AIM OF THE TASK - Give the data again exactly, without its images.

DATA SUPPLIED -
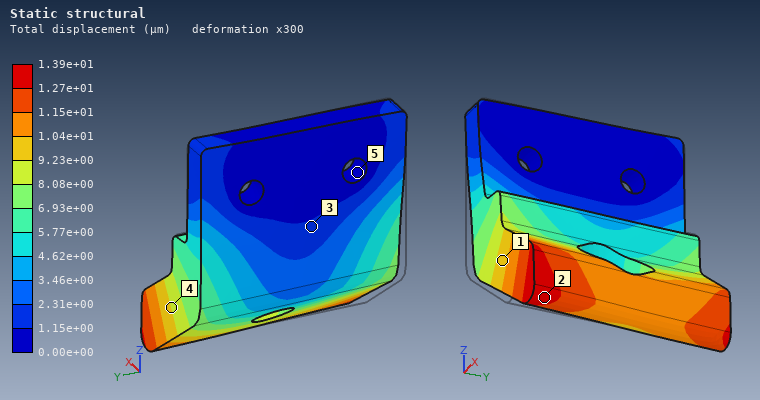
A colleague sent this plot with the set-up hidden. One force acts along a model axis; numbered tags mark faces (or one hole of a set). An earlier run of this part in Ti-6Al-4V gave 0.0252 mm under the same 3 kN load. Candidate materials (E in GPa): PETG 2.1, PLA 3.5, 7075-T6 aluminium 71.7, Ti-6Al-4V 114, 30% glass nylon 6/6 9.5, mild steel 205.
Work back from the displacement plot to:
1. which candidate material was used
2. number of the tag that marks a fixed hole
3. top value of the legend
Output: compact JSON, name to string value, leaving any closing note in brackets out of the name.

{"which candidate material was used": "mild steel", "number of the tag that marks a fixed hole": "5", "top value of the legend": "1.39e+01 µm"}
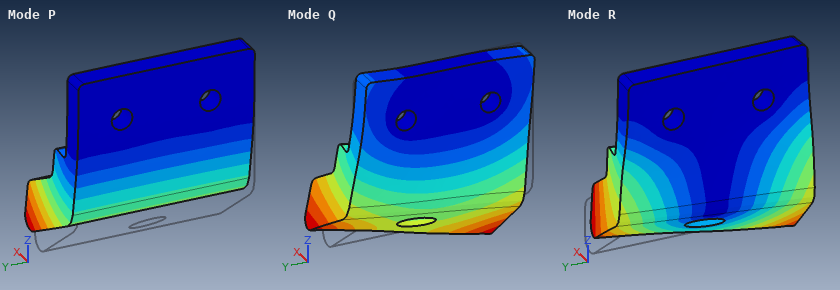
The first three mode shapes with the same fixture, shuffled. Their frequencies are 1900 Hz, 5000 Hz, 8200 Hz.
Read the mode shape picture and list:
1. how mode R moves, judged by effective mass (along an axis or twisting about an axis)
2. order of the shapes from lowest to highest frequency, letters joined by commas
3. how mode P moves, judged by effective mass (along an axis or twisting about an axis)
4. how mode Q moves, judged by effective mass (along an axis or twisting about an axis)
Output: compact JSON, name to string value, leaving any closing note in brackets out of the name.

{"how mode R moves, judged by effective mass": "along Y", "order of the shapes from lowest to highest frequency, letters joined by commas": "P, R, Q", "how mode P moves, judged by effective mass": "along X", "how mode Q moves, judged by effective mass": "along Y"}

EXERCISE RESPONSE -
A colleague sent this plot with the set-up hidden. One force acts along a model axis; numbered tags mark faces (or one hole of a set). An earlier run of this part in Ti-6Al-4V gave 0.0252 mm under the same 3 kN load. Candidate materials (E in GPa): PETG 2.1, PLA 3.5, 7075-T6 aluminium 71.7, Ti-6Al-4V 114, 30% glass nylon 6/6 9.5, mild steel 205.
Work back from the displacement plot to:
1. which candidate material was used
2. number of the tag that marks a fixed hole
3. top value of the legend
Output: compact JSON, name to string value, leaving any closing note in brackets out of the name.

{"which candidate material was used": "mild steel", "number of the tag that marks a fixed hole": "5", "top value of the legend": "1.39e+01 µm"}
The first three mode shapes with the same fixture, shuffled. Their frequencies are 1900 Hz, 5000 Hz, 8200 Hz.
Read the mode shape picture and list:
1. how mode R moves, judged by effective mass (along an axis or twisting about an axis)
2. order of the shapes from lowest to highest frequency, letters joined by commas
3. how mode P moves, judged by effective mass (along an axis or twisting about an axis)
4. how mode Q moves, judged by effective mass (along an axis or twisting about an axis)
Output: compact JSON, name to string value, leaving any closing note in brackets out of the name.

{"how mode R moves, judged by effective mass": "along Y", "order of the shapes from lowest to highest frequency, letters joined by commas": "P, R, Q", "how mode P moves, judged by effective mass": "along X", "how mode Q moves, judged by effective mass": "along Y"}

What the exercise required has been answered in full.